[Start of Attachment]

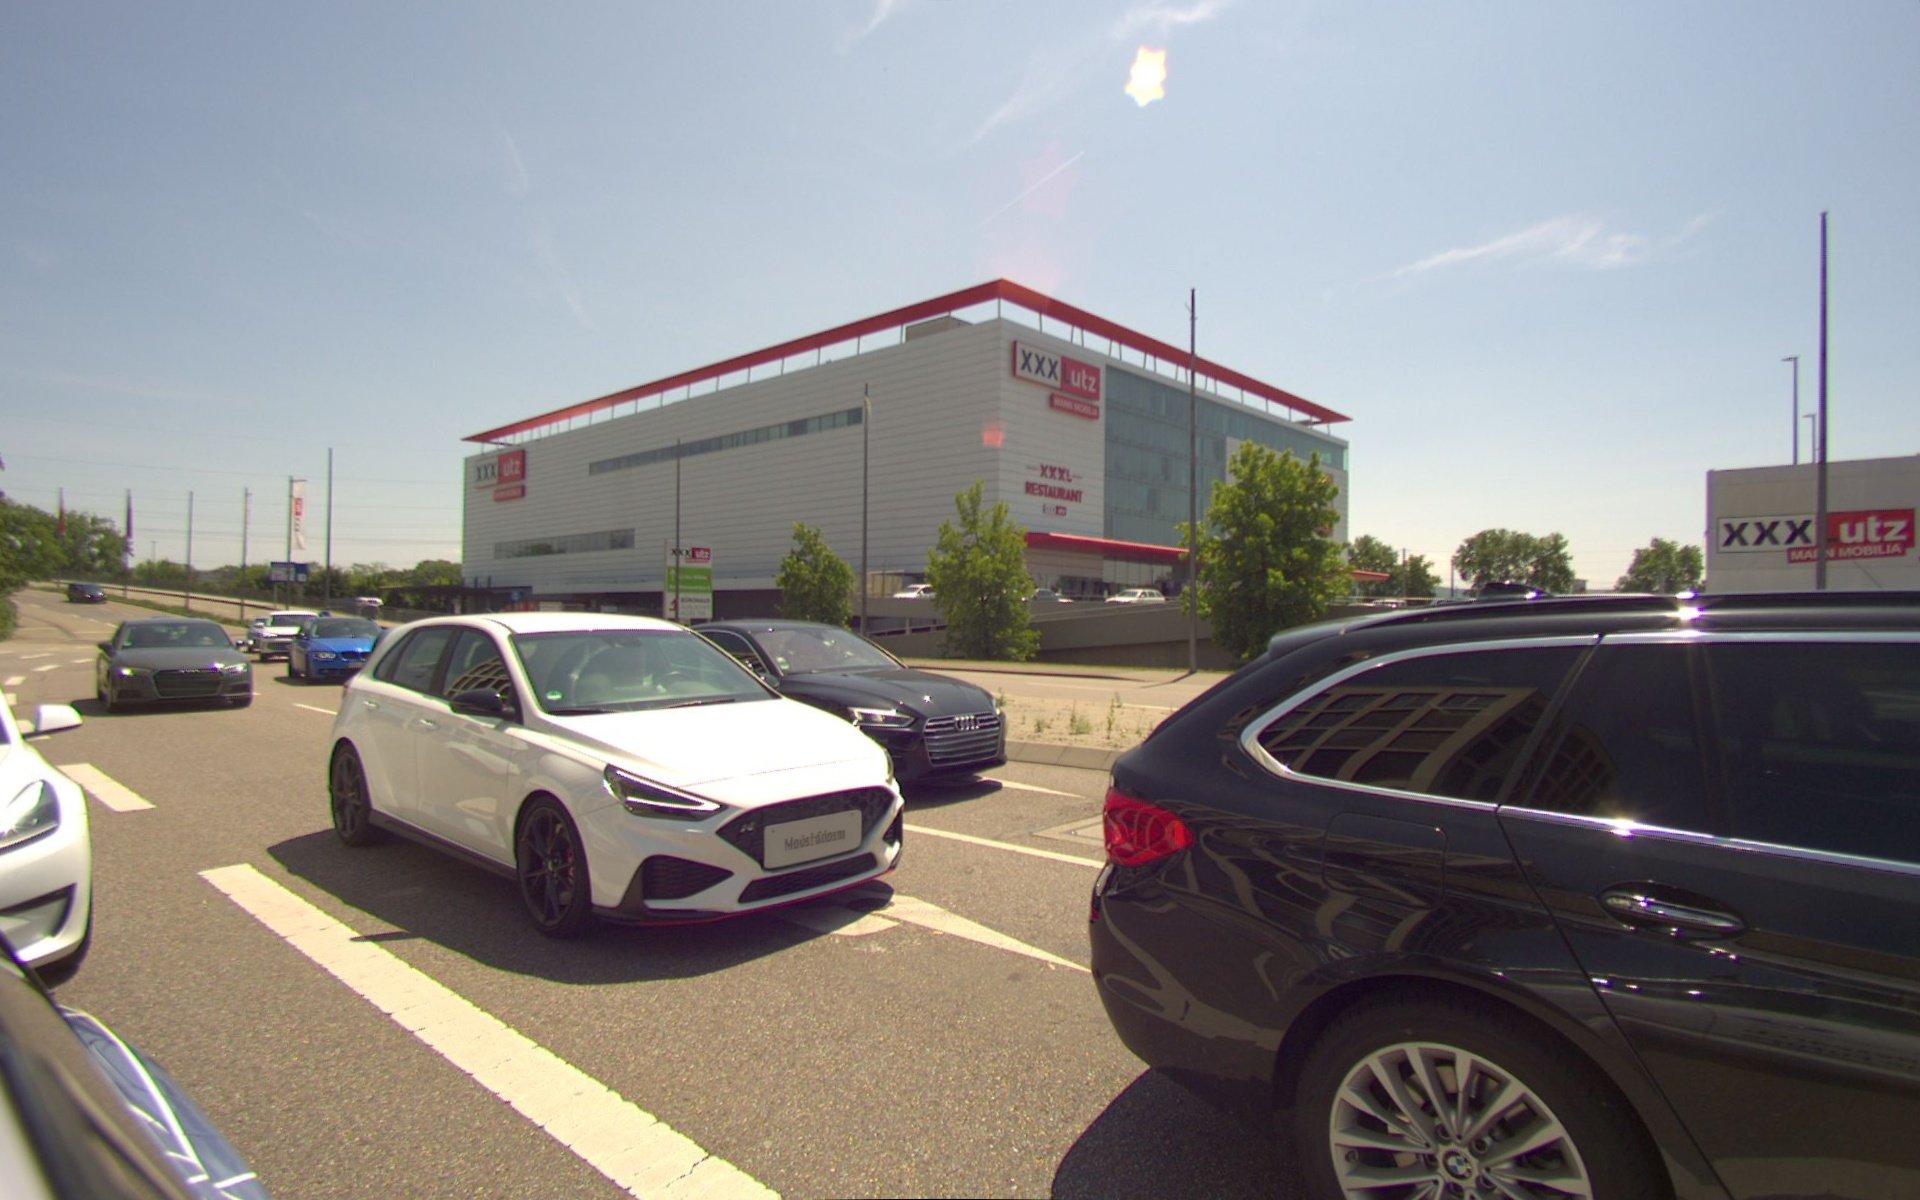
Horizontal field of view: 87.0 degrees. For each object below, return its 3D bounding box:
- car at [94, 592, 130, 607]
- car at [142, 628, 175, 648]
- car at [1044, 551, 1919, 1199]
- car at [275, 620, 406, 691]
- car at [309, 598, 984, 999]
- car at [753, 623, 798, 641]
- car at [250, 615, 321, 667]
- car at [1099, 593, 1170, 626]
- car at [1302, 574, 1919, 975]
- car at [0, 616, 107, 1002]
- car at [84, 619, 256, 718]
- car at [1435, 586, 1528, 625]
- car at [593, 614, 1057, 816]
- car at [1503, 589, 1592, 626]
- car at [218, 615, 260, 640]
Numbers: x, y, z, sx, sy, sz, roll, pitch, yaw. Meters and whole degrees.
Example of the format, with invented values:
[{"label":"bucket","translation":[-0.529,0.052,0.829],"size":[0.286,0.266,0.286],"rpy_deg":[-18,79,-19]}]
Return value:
[{"label":"car","translation":[-86.436,-0.081,103.120],"size":[4.363,1.364,1.975],"rpy_deg":[3,2,38]},{"label":"car","translation":[-48.018,2.287,60.648],"size":[1.452,1.198,3.359],"rpy_deg":[2,-3,-39]},{"label":"car","translation":[2.541,0.657,1.731],"size":[4.620,1.477,1.781],"rpy_deg":[-1,-1,40]},{"label":"car","translation":[-13.947,1.179,22.658],"size":[1.775,1.424,4.412],"rpy_deg":[2,-2,-41]},{"label":"car","translation":[-2.036,0.769,5.752],"size":[4.228,1.461,1.712],"rpy_deg":[-2,-1,41]},{"label":"car","translation":[-16.971,2.977,93.367],"size":[1.911,1.632,3.698],"rpy_deg":[0,-2,41]},{"label":"car","translation":[-21.948,1.275,32.872],"size":[1.653,1.587,4.066],"rpy_deg":[1,-1,-37]},{"label":"car","translation":[9.940,0.567,57.563],"size":[2.001,1.781,4.140],"rpy_deg":[0,-2,44]},{"label":"car","translation":[3.871,0.664,4.699],"size":[3.991,1.505,1.782],"rpy_deg":[-1,-1,36]},{"label":"car","translation":[-5.679,0.820,4.693],"size":[4.401,1.436,1.857],"rpy_deg":[-1,-1,39]},{"label":"car","translation":[-12.957,1.015,16.492],"size":[1.776,1.388,4.410],"rpy_deg":[2,-2,-43]},{"label":"car","translation":[27.218,0.311,52.897],"size":[3.998,1.946,1.973],"rpy_deg":[-1,-2,41]},{"label":"car","translation":[-1.448,0.861,9.240],"size":[4.533,1.401,1.729],"rpy_deg":[-2,-2,43]},{"label":"car","translation":[32.427,0.436,55.928],"size":[3.996,1.923,1.974],"rpy_deg":[-1,-2,39]},{"label":"car","translation":[-50.605,1.930,71.046],"size":[1.811,1.674,4.003],"rpy_deg":[2,-2,-44]}]

[End of Attachment]

» PROBLEM: Looking over the records, find each line with the word "degrees" and copy it.

» EXERCISE RESULT:
Horizontal field of view: 87.0 degrees. For each object below, return its 3D bounding box:
Numbers: x, y, z, sx, sy, sz, roll, pitch, yaw. Meters and whole degrees.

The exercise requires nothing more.